SDRs are an international reserve asset created by the IMF to supplement the official reserve holdings of its member countries.[2] Reserve assets are owned by country authorities and are a key layer of defence in a foreign currency liquidity crisis. Other types of reserve assets include official foreign currency holdings, gold holdings and reserve positions at the IMF (i.e. funds lent by a country to the IMF). Reserves can be used to dampen volatility in a country's exchange rate, manage the level of a country's exchange rate, repay official sector international debts and provide foreign currency liquidity to the financial system during periods of stress.

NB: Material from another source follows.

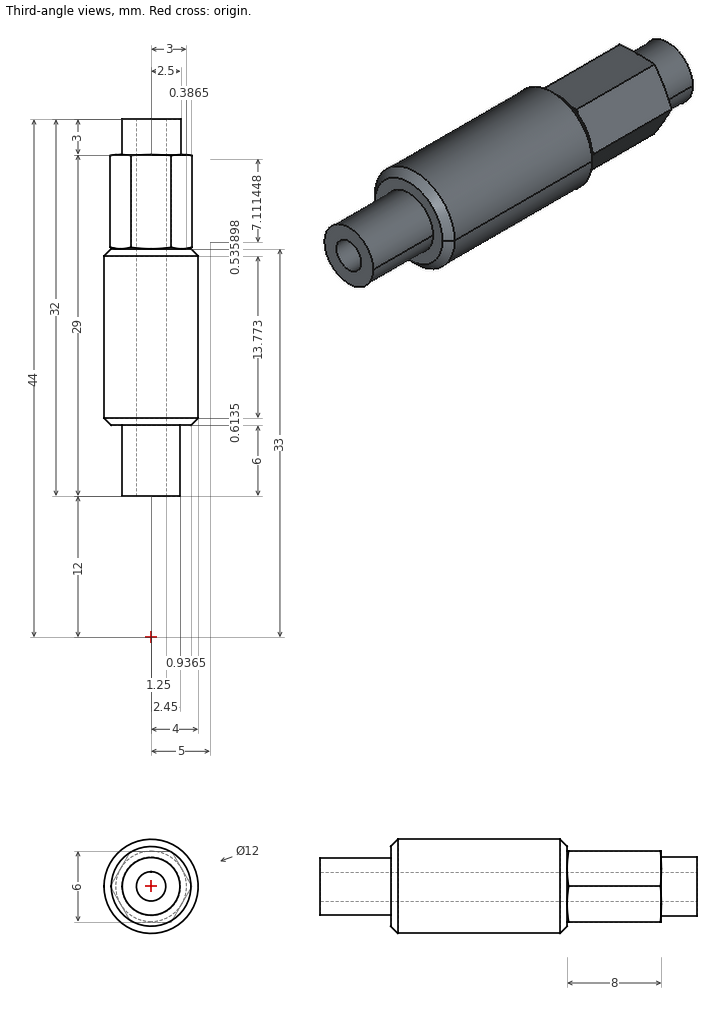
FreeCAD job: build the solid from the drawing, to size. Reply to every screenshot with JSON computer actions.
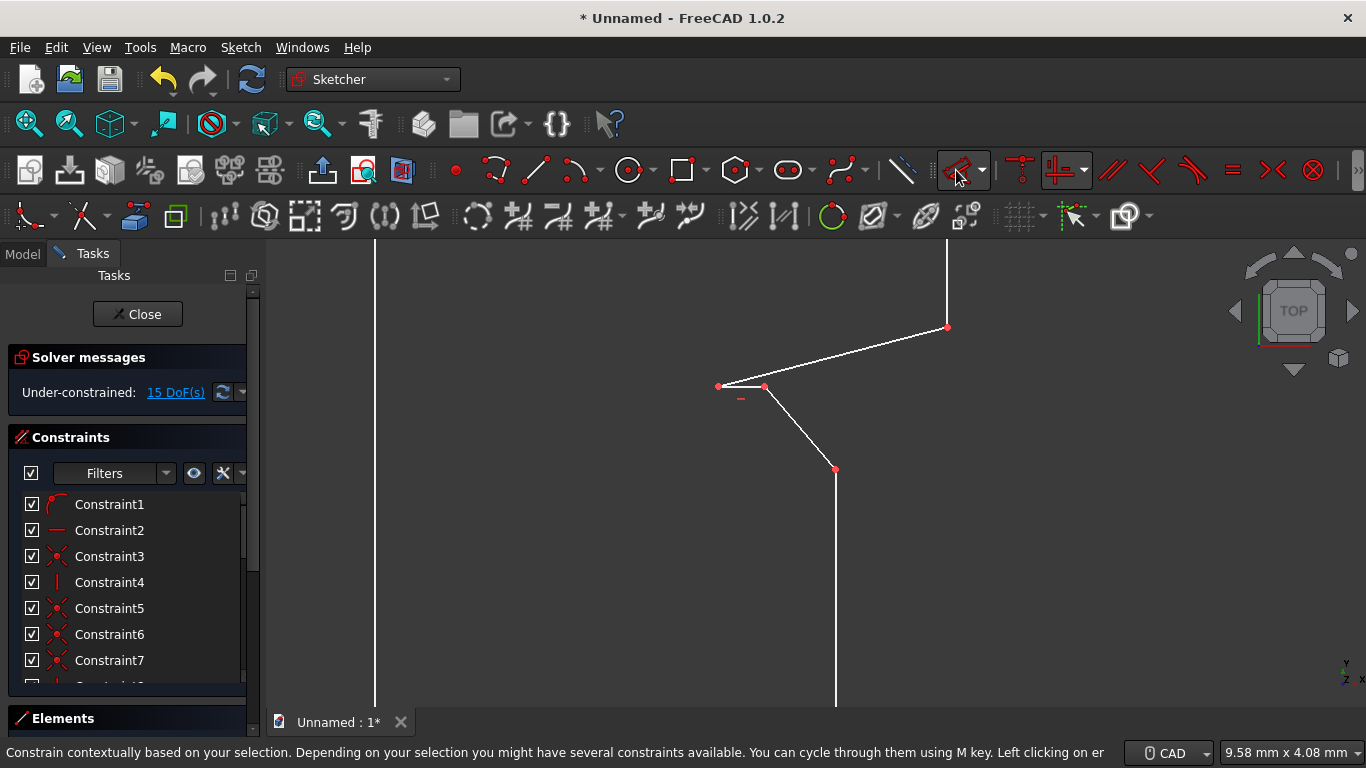
{"action": "scroll", "coordinate": [753, 386], "scroll_direction": "down", "scroll_amount": 14}
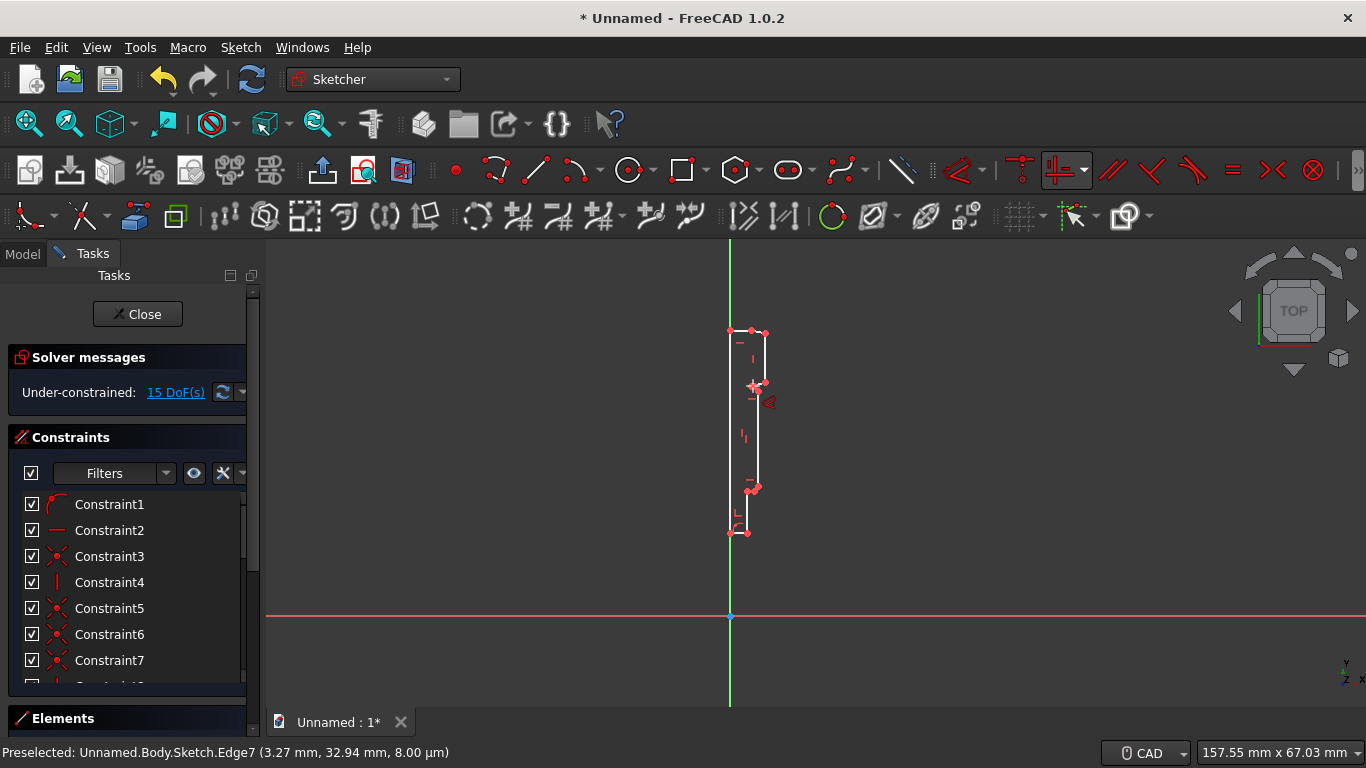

The SDR is not a currency and so cannot be used directly in transactions. However, it can be sold to other member countries in exchange for five ‘freely usable’ currencies (US dollars, euros, Chinese renminbi, Japanese yen and pounds sterling) and therefore acts as a source of liquidity.[3] Essentially, the SDR system allows a country to access reserves that are held by countries whose holdings are more than adequate, thereby broadening the protection afforded by the global pool of reserve assets.
While countries can buy and sell SDRs directly with each other, in practice the exchange is usually coordinated by the IMF through voluntary trading arrangements (VTA), where a number of IMF members with strong external positions (including Australia) agree to exchange SDRs for specific currencies within pre-agreed limits with other IMF members.[4] The value of the SDR is determined daily by the IMF based on a weighted average of these five freely usable currencies. Conceptually, SDRs derive their value from the fact that countries are willing to hold them and accept them in exchange for actual currencies.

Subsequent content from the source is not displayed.